Die Telekom konnte bei 2 GHz aktuell vier Frequenzblöcke ergattern, im Bereich 3,6 GHz sind es acht Blöcke. Vodafone hält ebenso vier Blöcke mit 2 GHz, im Bereich 3,6 GHz sind es sieben Blöcke. Im Vergleich dazu kommen Telefónica Deutschland auf 9 Blöcke und 1&1 Drillisch auf 8 Blöcke. Bei den besonders begehrten 2 GHz Frequenzen hat jeder Bieter nur zwei Blöcke. Die Frequenzblöcke haben für Vodafone (1,45 Mrd. Euro) und vor allem für die Telekom (1,69 Mrd. Euro) natürlich auch ihren Preisen. Telefónica Deutschland (1,09 Mrd. Euro) und 1&1 Drillisch (940 Millionen) liegen mit ihren Gesamtgeboten deutlich darunter.

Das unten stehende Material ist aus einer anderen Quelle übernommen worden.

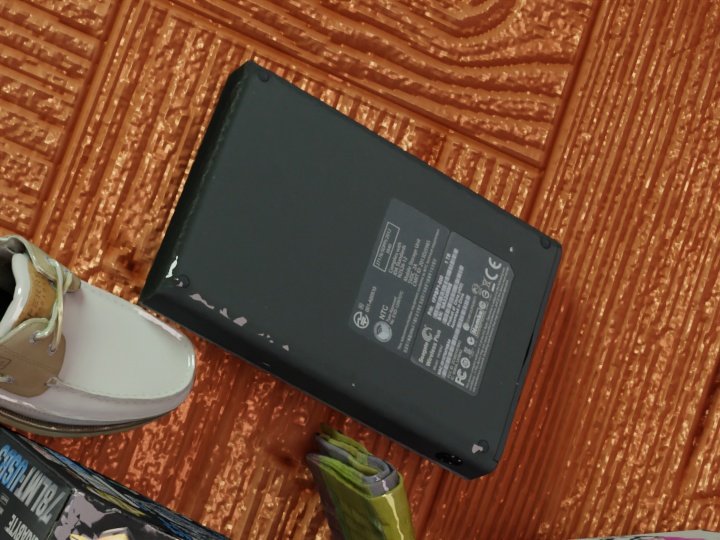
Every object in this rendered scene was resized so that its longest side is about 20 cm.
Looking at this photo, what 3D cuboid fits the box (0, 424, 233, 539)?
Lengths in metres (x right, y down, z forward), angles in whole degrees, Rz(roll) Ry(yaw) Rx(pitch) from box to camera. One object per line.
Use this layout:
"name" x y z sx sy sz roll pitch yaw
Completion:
"box" -0.076 0.141 0.996 0.198 0.200 0.050 28 84 -20

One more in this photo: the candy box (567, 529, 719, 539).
"candy box" 0.153 0.176 1.091 0.168 0.200 0.072 -2 89 -23

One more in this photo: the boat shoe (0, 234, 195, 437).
"boat shoe" -0.164 0.026 1.023 0.200 0.068 0.075 13 58 -23

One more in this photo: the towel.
"towel" 0.024 0.176 1.068 0.023 0.144 0.200 -21 98 -13

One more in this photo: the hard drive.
"hard drive" 0.000 0.000 1.103 0.200 0.033 0.140 30 61 -20

Bieter mit deutlicher Zurückhaltung bei 5G-Auktion

Die Auktion liegt nach 189 Runden bei 5,29 Mrd. Euro. Die Versteigerung wird für die Bieter teurer als die Auktionen in den Jahren 2010 (4,4 Mrd. Euro) und 2015 (5,1 Mrd. Euro). Der Staat kann sich über höhere Einnahmen freuen, das Ergebnis übertrifft selbst optimistische Prognosen im Vorfeld. Doch für die vier Bieter dürfte mittlerweile die Schmerzgrenze erreicht sein. Seit Runde 170 wird nur noch sehr vorsichtig geboten, es gibt deutliche Signale von Zurückhaltung. Es ist durchaus möglich, dass kommende Woche die 5G-Auktion beendet ist.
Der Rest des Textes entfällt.